■ Instructions for the task ■
From the entries, return every line where the string "under" shows up.

Items listed in a dataset
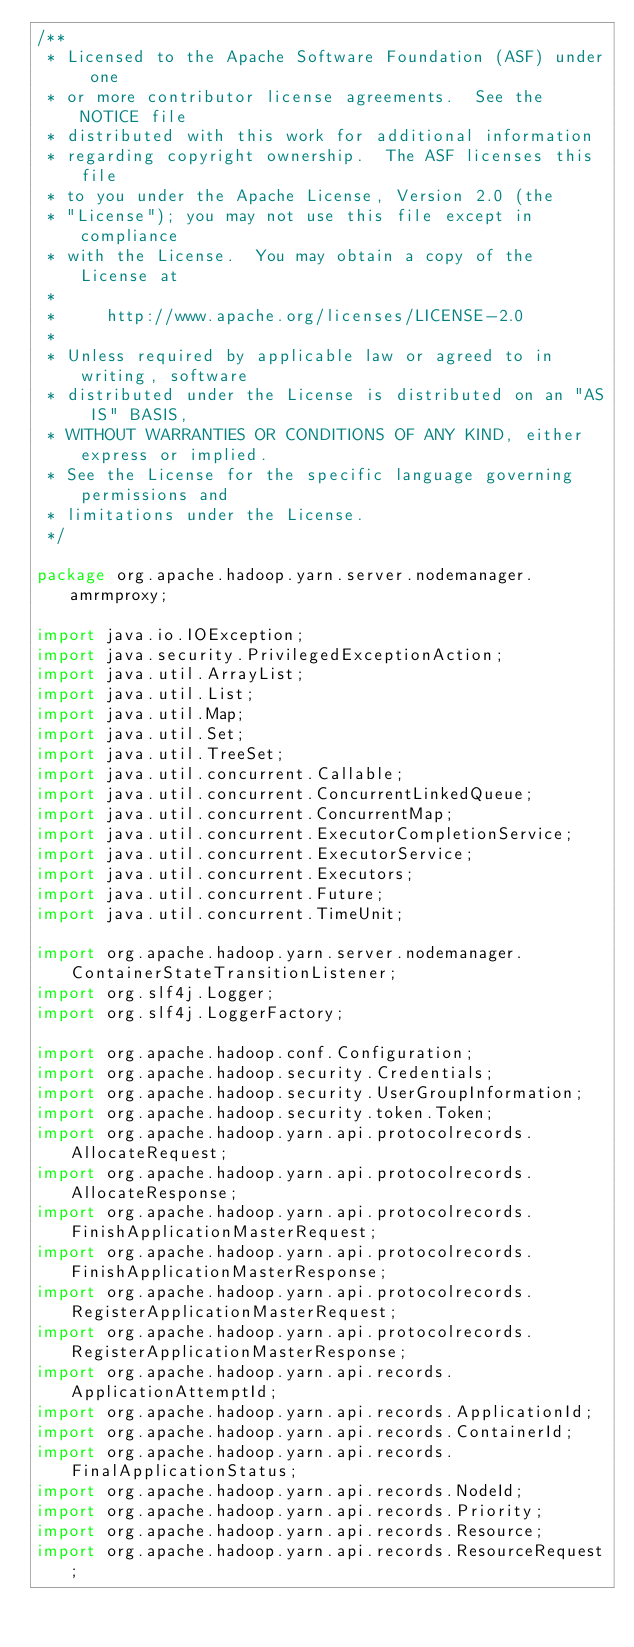Convert code to text. <code><loc_0><loc_0><loc_500><loc_500><_Java_>/**
 * Licensed to the Apache Software Foundation (ASF) under one
 * or more contributor license agreements.  See the NOTICE file
 * distributed with this work for additional information
 * regarding copyright ownership.  The ASF licenses this file
 * to you under the Apache License, Version 2.0 (the
 * "License"); you may not use this file except in compliance
 * with the License.  You may obtain a copy of the License at
 *
 *     http://www.apache.org/licenses/LICENSE-2.0
 *
 * Unless required by applicable law or agreed to in writing, software
 * distributed under the License is distributed on an "AS IS" BASIS,
 * WITHOUT WARRANTIES OR CONDITIONS OF ANY KIND, either express or implied.
 * See the License for the specific language governing permissions and
 * limitations under the License.
 */

package org.apache.hadoop.yarn.server.nodemanager.amrmproxy;

import java.io.IOException;
import java.security.PrivilegedExceptionAction;
import java.util.ArrayList;
import java.util.List;
import java.util.Map;
import java.util.Set;
import java.util.TreeSet;
import java.util.concurrent.Callable;
import java.util.concurrent.ConcurrentLinkedQueue;
import java.util.concurrent.ConcurrentMap;
import java.util.concurrent.ExecutorCompletionService;
import java.util.concurrent.ExecutorService;
import java.util.concurrent.Executors;
import java.util.concurrent.Future;
import java.util.concurrent.TimeUnit;

import org.apache.hadoop.yarn.server.nodemanager.ContainerStateTransitionListener;
import org.slf4j.Logger;
import org.slf4j.LoggerFactory;

import org.apache.hadoop.conf.Configuration;
import org.apache.hadoop.security.Credentials;
import org.apache.hadoop.security.UserGroupInformation;
import org.apache.hadoop.security.token.Token;
import org.apache.hadoop.yarn.api.protocolrecords.AllocateRequest;
import org.apache.hadoop.yarn.api.protocolrecords.AllocateResponse;
import org.apache.hadoop.yarn.api.protocolrecords.FinishApplicationMasterRequest;
import org.apache.hadoop.yarn.api.protocolrecords.FinishApplicationMasterResponse;
import org.apache.hadoop.yarn.api.protocolrecords.RegisterApplicationMasterRequest;
import org.apache.hadoop.yarn.api.protocolrecords.RegisterApplicationMasterResponse;
import org.apache.hadoop.yarn.api.records.ApplicationAttemptId;
import org.apache.hadoop.yarn.api.records.ApplicationId;
import org.apache.hadoop.yarn.api.records.ContainerId;
import org.apache.hadoop.yarn.api.records.FinalApplicationStatus;
import org.apache.hadoop.yarn.api.records.NodeId;
import org.apache.hadoop.yarn.api.records.Priority;
import org.apache.hadoop.yarn.api.records.Resource;
import org.apache.hadoop.yarn.api.records.ResourceRequest;</code>

■ Solution for this exercise ■
 * Licensed to the Apache Software Foundation (ASF) under one
 * to you under the Apache License, Version 2.0 (the
 * distributed under the License is distributed on an "AS IS" BASIS,
 * limitations under the License.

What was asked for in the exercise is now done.